YOUR GOAL: After finding the line that contains "Next, the person (1262,604,1282,681).", give again that line and each one following it, exactly, until the records end.

Recorded data:
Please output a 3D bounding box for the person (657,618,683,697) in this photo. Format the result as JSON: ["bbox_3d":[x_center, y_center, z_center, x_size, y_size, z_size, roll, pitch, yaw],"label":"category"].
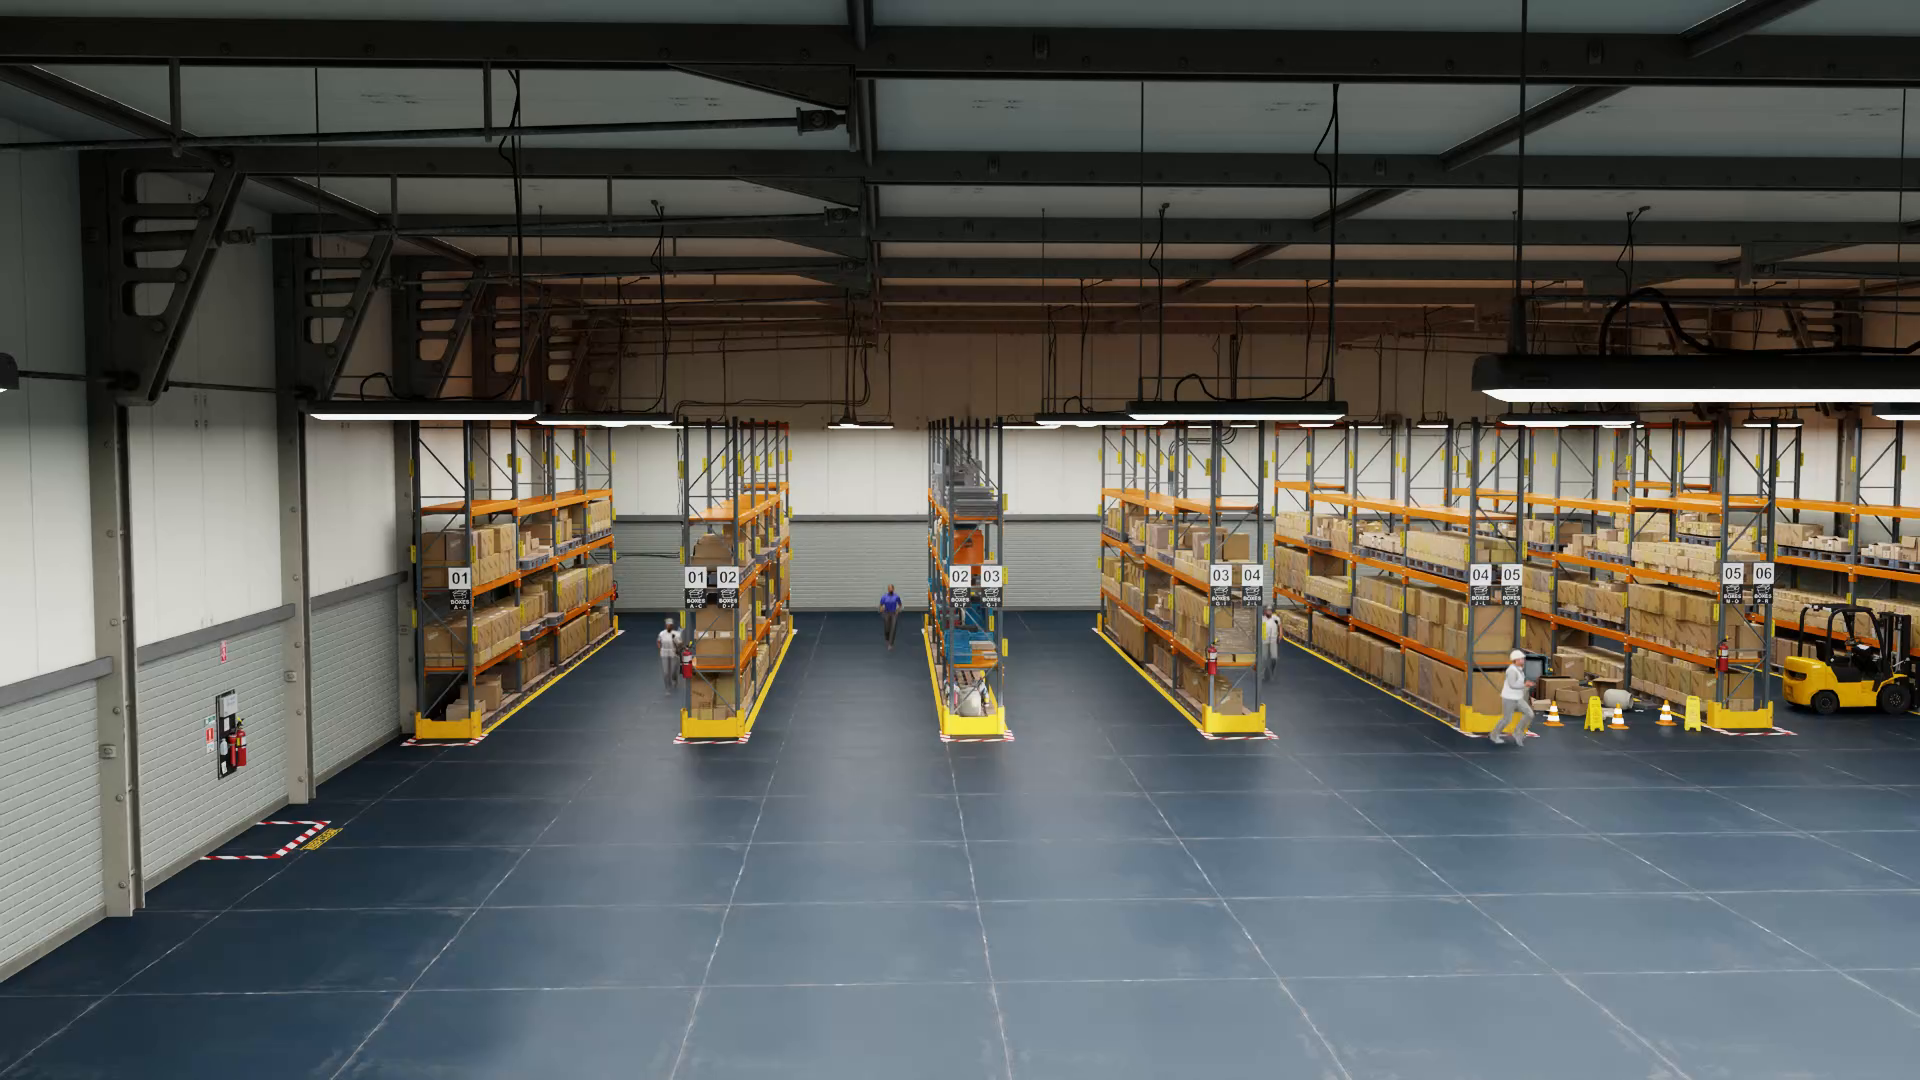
[{"bbox_3d":[-6.323,2.543,36.215,0.578,1.681,0.792,0,4,-2],"label":"person"}]

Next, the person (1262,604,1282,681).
[{"bbox_3d":[7.099,2.374,38.195,0.682,1.844,0.746,0,4,-3],"label":"person"}]

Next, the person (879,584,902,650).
[{"bbox_3d":[-1.735,1.917,41.702,0.582,1.630,0.577,0,4,-4],"label":"person"}]

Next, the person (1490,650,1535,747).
[{"bbox_3d":[10.030,2.873,30.150,0.814,1.774,0.681,3,5,36],"label":"person"}]

ANSWER SPACE:
Next, the person (1262,604,1282,681).
[{"bbox_3d":[7.099,2.374,38.195,0.682,1.844,0.746,0,4,-3],"label":"person"}]

Next, the person (879,584,902,650).
[{"bbox_3d":[-1.735,1.917,41.702,0.582,1.630,0.577,0,4,-4],"label":"person"}]

Next, the person (1490,650,1535,747).
[{"bbox_3d":[10.030,2.873,30.150,0.814,1.774,0.681,3,5,36],"label":"person"}]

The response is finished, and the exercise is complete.